Saturday, June 20, 2020

Cecil Sharp House on Percy Grainger

Percy Aldridge Grainger (1882-1961)



Percy Grainger was born George Percy Grainger at Brighton, Victoria, Australia, on 8 July 1882, the son of John Harry Grainger (1855-1917), architect and engineer, and his wife, Rosa Annie (Rose) Aldridge (1861-1922). He spent his childhood in Melbourne, Victoria, where he was privately educated under the guidance of his musically gifted mother. He received supplementary lessons in languages, art, elocution and drama, and the piano. His early interest in classical legends and Icelandic sagas influenced him for the rest of his life.

 By 1895, Grainger's obvious talent with the piano led him to pursue studies in Germany. At the Hoch Conservatorium he socialised with several older British students and fell under the spell of Rudyard Kipling, settings of whose verses he worked on between 1898 and 1956. From 1901 to 1914, he made a living as a concert pianist and private teacher in London, undertaking frequent tours of northern Europe and two lengthy Antipodean visits. During the first half of his residence in London, when often fulfilling subsidiary musical roles, Grainger also depended upon sponsorship by such leading musicians as Sir Charles Villiers Stanford and Sir Henry Wood. In 1911 he changed his name to Percy Aldridge Grainger.

Like much of the English musical establishment of this period, Grainger became fascinated with folk song and set out to collect songs and tunes, initially in Lincolnshire, in 1905. Unlike most of his contemporaries, Grainger became an enthusiastic supporter of the Edison Phonograph as a means of collecting and began using it at Brigg - a small market town in North Lincolnshire, England - the following year, recording the now legendary Joseph Taylor, whom he brought to London to record songs for the Gramophone Company (later to become HMV) in 1908.

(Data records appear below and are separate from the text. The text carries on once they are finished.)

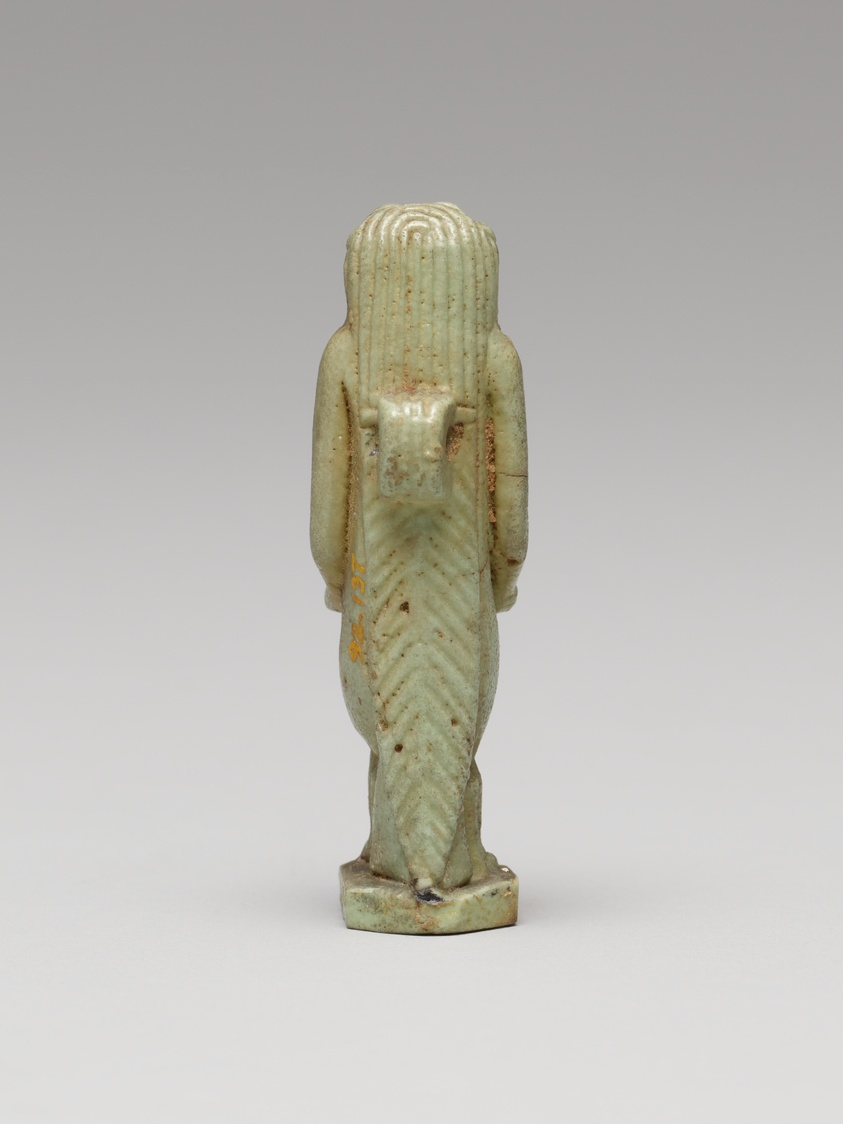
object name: Costume and Accessories
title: Amulet of Taweret
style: third intermediate period, egyptian, ancient, late period (egyptian)
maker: Egyptian
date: Third Intermediate Period–Late Period (about 1069–332 BCE)
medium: Faience
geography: Egypt
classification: amulet; ceramics; jewelry; ancient art; costume; faïence (composite material)
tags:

Grainger's 'Collecting with the phonograph', Journal of the Folk Song Society, 12 (1908), 164, remains a crucial work both from a technical and historical perspective. He went on to use the instrument in ten other English counties (plus London), the vast majority of recordings being from Lincolnshire and Gloucestershire.

With the outbreak of war in 1914, Grainger and his mother moved to New York. He took up American citizenship in 1918, while serving in a US army band, and in 1921 settled in White Plains, New York, where he saw out his days.

The years 1914 to 1922 constituted the peak of Grainger's musical career. As a pianist he entered into lucrative piano-roll and gramophone recording contracts, and performed as a Steinway artist across the country with leading orchestras and conductors. His setting of a morris dance tune, Country Gardens (borrowed from Cecil Sharp's collected version at Headington Quarry, Oxford) became an instant hit on its publication in 1919. Through dozens of arrangements, it remains his best-known work.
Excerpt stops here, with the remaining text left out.